• Exercise prompt
After locating the line with "[351,275,487,461], in one to three words.", retype it and every later line exactly, stopping at the end of the records.

Records contained in a dataset:
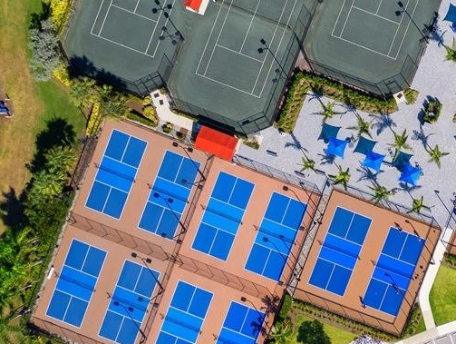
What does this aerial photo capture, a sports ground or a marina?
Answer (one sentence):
The area seen from above is a sports ground.
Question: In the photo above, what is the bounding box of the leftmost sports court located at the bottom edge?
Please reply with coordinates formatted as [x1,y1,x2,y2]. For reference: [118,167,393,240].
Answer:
[30,219,121,344]
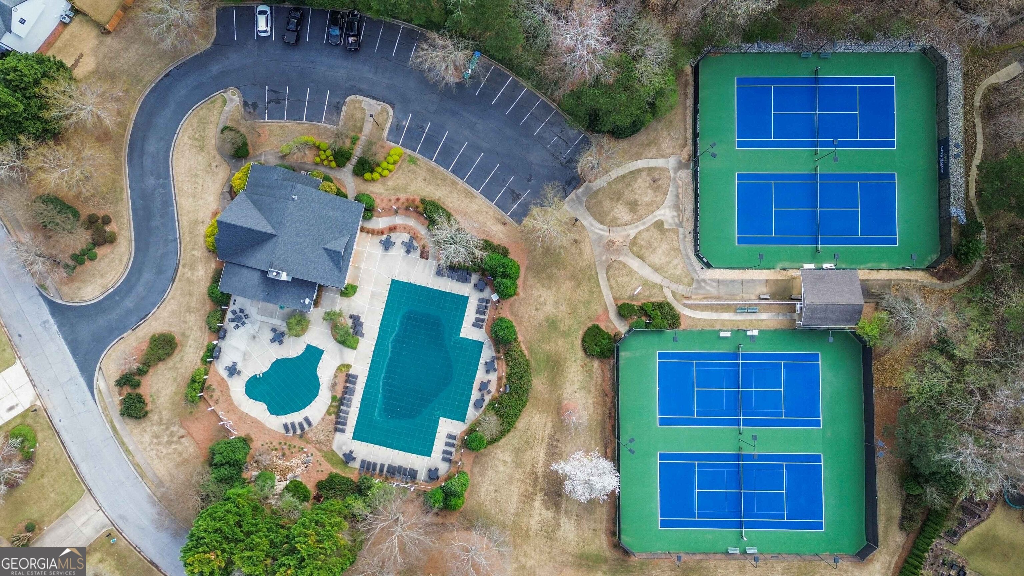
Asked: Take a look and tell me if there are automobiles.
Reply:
Yes
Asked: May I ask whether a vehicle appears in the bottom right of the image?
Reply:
No
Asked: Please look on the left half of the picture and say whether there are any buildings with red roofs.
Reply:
No
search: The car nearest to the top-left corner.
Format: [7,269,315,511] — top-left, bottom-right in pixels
[255,5,273,37]
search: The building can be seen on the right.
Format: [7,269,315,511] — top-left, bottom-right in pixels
[795,268,864,329]
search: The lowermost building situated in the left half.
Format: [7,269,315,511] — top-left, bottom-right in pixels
[215,162,366,313]
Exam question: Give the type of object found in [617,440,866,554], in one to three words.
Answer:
tennis court
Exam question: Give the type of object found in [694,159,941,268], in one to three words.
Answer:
tennis court
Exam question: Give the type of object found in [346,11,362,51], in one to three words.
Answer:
vehicle
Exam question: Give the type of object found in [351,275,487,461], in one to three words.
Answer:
swimming pool
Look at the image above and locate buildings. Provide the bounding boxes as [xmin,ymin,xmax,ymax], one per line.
[215,162,366,313]
[0,0,82,56]
[795,268,864,329]

• Exercise answer
Exam question: Give the type of object found in [351,275,487,461], in one to three words.
Answer:
swimming pool
Look at the image above and locate buildings. Provide the bounding boxes as [xmin,ymin,xmax,ymax], one per line.
[215,162,366,313]
[0,0,82,56]
[795,268,864,329]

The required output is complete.